With experienced learners, you do write the word "tray" beside the word "tree," and then have students go back and forth between the two, reading each correctly.

Unfortunately, I no longer recall the reason for this distinction between beginners and more advanced students. I think it had to do with making sure beginners focus on the exact part of the word they are misreading.

update 8/13/2012: Children with developmental disabilities who have been taught to read with sight words may not be able to learn well from either of these discrimination procedures.

palisadesk on students reading different words than the ones on the page

I write this post to another board a few years ago to explain a major cause of these errors as in Catherine's example:

In fact there has been some solid research on this phenomenon. I can't cite chapter and verse off the top of my head, but it was done by Engelmann or perhaps others in the DI community, and investigated just that pattern you mention: children who consistently misread when for then, of for from, where for there, and similar errors of words that are usually both syntactically and visually similar. [Catherine here, interrupting for a moment: the problem I was asking about mostly involved substituting one preposition for another.]

I may not be summarizing the research 100% correctly, but the gist of it is that what we are seeing is the result of the learner having been presented with two very similar things at the same time (or almost the same time), and not having been taught either one to mastery, so that the two became fused in memory in an indistinct way, and one would be randomly substituted for the other. In the case of most of these word substitution errors, the child is correct some of the time and incorrect some of the time -- so s/he doesn't ALWAYS read "when" for "then" or vice-versa. S/he randomly says one word or the other whenever s/he is presented with either of the duo. Over time, this habit becomes a neural circuit and a learned response that is very resistant to change. It rarely is self-corrected, the way some other decoding errors are, because the misreading usually makes sense even if it is incorrect (it may not make the CORRECT sense, but it is not unintelligible). "Julia talked to Edith when she went to the mall" means something different from "Julia talked to Edith then she went to the mall", but the inaccurate reader is unlikely to notice. It's not like the horse/house instance, where if a child reads "The rider mounted his house" s/he will usually recognize that can't be right.

The DI research indicated that children easily learn what they called misrules (usually due to poor or misleading initial presentation) , and these word substitution errors fall into that category. The more the error is practiced, the harder it is to supplant it and engrave a correct response. It may take hundreds of corrections of when/then errors before the reader reliably gets those words right (has a new neural pathway). Many examples of b/d confusion are the same thing - they are not visual discrimination errors in most cases, but are simply instances of children not having learned one of the pair thoroughly before the other was introduced. When words *are* visually similar, the likelihood of confusion is increased, but the visual similarity is not the cause of the confusion. Some children, for instance, repeatedly confuse other letter pairs, or words, that bear no resemblance to each other -- r and g, for instance, and further inquiry usually finds these were introduced about the same time, the child was not provided with adequate practice to mastery, DID remember that it was either one sound or the other, and would randomly say either /g/ or /r/ when presented with either stimulus (leading teachers to say "he knew it yesterday!" when they don't appreciate the randomness of the response -- but randomness within a very narrow range of options, usually only 2 or 3). One student I had consistently confused the words "and" and "said" which had no relation or resemblance to each other, but were introduced the same week on his classroom "word wall."

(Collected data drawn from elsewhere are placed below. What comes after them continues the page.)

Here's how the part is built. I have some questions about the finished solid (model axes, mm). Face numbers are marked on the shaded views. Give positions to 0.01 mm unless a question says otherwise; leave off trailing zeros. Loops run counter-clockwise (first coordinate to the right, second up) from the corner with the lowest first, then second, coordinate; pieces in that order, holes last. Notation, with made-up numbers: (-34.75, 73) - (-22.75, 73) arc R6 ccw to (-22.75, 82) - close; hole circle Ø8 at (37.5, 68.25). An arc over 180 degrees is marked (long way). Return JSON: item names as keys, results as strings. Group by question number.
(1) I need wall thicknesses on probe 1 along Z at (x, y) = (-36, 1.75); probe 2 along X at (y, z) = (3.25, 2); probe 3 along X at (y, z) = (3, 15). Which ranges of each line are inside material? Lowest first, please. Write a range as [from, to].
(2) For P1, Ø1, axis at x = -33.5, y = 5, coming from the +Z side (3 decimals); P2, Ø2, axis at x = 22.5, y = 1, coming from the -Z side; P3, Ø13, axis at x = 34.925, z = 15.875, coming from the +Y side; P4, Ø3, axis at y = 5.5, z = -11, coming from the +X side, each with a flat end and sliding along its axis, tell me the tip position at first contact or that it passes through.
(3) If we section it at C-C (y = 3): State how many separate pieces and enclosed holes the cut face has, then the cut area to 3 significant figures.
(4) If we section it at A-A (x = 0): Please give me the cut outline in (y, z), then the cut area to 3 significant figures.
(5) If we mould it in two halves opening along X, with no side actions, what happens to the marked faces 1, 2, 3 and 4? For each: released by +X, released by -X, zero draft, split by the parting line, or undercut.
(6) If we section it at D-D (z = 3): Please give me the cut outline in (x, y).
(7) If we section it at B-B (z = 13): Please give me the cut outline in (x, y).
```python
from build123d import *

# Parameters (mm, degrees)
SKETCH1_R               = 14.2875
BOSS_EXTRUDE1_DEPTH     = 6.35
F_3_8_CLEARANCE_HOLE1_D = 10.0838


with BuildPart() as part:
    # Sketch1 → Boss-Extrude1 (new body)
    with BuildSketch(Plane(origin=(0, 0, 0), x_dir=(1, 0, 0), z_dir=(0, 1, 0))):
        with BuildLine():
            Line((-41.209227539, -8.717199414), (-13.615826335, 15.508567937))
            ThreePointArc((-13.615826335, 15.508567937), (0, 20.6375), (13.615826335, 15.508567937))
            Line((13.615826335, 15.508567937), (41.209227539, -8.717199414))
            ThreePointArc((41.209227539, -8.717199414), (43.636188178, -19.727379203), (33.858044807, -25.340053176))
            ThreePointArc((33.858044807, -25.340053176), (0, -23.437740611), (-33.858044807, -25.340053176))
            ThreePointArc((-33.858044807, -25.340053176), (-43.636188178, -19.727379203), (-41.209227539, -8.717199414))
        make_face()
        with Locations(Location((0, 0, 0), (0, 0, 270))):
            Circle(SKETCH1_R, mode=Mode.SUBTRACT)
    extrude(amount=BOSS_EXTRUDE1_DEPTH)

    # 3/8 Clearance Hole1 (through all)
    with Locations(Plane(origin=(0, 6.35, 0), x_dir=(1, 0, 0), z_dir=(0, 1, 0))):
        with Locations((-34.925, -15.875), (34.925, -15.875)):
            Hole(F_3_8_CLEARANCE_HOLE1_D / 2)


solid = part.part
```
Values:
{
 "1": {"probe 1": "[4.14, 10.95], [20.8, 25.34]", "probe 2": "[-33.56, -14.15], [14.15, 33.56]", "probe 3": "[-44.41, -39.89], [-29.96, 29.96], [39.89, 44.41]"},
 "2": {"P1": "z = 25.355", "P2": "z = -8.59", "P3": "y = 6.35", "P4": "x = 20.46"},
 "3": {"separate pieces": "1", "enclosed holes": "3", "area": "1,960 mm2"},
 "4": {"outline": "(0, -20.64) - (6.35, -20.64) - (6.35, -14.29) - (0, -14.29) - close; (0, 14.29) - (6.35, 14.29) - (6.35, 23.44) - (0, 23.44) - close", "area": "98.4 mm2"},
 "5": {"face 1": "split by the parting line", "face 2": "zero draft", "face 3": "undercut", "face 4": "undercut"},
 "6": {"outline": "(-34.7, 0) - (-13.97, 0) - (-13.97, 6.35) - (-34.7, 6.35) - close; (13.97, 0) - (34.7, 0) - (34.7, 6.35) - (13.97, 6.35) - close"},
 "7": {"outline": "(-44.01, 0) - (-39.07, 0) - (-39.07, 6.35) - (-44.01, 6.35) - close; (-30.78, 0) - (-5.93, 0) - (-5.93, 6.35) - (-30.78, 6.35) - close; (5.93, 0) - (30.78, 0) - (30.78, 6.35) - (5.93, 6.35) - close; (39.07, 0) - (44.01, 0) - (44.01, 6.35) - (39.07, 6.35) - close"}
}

One effective remedial strategy -- not the only one -- is to teach these pairs explicitly, but first one word at a time. With when/then, for instance, practice writing the word, dictating "when" sentences, reading phrases and sentences with "when" and stories with "when" (reminding the student at the outset that /when/ is the word s/he will encounter, and no discrimination between when and then will be required); then do the same with the other in the pair, then mix them up -- but have the student slowly and carefully sound out each word if necessary. The solution to those misrule/misreading learned errors is careful and targeted practice to mastery.

One analogy I use (if someone thinks of a better one, please share) is to compare the student's experience confusing when/then to someone with a drawer full of socks -- let's say 30 pairs of socks, half of them grey and half of them black. If you pull two random socks out of the drawer, you will get a matched set half the time. It may not matter much that you get a mismatched pair the other half. Unless you have some reason to pay attention, you don't need to change anything. A grey sock and a black sock keep your feet warm, so what?

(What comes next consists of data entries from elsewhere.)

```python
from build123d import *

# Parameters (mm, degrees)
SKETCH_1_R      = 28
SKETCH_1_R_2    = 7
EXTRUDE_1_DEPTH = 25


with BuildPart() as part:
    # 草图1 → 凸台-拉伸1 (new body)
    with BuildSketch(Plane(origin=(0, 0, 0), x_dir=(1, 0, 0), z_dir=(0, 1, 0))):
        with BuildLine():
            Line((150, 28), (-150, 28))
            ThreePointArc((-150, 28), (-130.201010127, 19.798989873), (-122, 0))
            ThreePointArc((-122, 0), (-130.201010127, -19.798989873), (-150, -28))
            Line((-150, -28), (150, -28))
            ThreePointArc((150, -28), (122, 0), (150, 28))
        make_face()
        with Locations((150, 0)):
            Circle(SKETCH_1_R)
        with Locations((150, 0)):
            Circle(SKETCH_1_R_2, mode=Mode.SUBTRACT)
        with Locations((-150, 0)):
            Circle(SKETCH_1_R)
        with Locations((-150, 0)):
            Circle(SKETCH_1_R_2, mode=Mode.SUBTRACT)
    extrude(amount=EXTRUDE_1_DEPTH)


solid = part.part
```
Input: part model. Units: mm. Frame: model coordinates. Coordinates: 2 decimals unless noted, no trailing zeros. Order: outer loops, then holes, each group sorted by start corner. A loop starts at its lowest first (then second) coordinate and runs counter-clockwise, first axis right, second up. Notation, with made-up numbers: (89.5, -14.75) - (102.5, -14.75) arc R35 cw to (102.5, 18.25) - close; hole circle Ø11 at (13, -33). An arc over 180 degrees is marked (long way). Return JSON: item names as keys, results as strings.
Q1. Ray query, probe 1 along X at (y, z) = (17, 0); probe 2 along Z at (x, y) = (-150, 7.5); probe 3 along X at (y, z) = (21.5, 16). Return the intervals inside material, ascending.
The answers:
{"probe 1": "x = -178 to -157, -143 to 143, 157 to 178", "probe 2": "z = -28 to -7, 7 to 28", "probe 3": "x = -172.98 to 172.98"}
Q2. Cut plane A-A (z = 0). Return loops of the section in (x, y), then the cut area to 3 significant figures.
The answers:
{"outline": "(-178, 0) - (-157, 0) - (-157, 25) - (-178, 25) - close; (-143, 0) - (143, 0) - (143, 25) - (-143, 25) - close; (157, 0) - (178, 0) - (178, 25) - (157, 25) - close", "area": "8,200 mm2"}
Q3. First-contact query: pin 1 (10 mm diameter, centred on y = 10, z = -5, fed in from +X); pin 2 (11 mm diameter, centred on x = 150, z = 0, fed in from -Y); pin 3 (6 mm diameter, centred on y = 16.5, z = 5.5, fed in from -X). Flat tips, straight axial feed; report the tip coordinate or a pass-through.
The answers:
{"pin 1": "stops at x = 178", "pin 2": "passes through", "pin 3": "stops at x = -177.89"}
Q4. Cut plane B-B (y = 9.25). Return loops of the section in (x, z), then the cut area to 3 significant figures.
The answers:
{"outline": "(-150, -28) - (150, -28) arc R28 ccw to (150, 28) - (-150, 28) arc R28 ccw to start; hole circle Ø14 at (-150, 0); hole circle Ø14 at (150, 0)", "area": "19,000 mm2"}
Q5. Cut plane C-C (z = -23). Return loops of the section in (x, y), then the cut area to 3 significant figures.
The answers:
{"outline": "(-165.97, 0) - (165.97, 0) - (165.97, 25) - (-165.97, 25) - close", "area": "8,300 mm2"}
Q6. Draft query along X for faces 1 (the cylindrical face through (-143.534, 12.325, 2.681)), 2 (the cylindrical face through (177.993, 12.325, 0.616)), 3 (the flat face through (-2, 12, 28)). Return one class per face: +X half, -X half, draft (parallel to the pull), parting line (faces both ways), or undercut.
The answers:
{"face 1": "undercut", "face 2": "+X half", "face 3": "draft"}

I had an experience a couple of years ago that made me aware of how this process works. I had to go around and do an attendance-taking chore first thing in the morning and check off two or three students in several classrooms (long story why -- not interesting). Most of the students I knew, and I would just look in the door and see if they were there and mark the attendance sheet. One Grade 4 class, however, had 2 girls on this list, both of whom were new to me. They did not look anything alike, really -- different ethnicities, one much taller, but both wore hijab and had very unusual first names. When I was first introduced to them, I failed to ensure I knew which one was which by solidifying identifying details in my mind. Usually, both were present, and I'd look in and say to myself, There's N. and there's F -- good -- but I could have N and F mixed up, I just noted they were both there. They would straighten me out when I met them in the hall, if I addressed them by the wrong name, but I continued to mix them up for months. I realized partway through the year that this was a similar error to the mislearning children sometimes do:

--I was introduced to 2 new items to learn at the same time, and they shared some common features but I did not spend time to adequately solidify recognition of the special features of each

-- I was frequently required to rehearse my mislearning but not in a situation where it mattered if I was correct or not, and where I rarely received corrective feedback so that I could stop myself and say, Wait a minute, N is the shorter one, or some other identifying factor.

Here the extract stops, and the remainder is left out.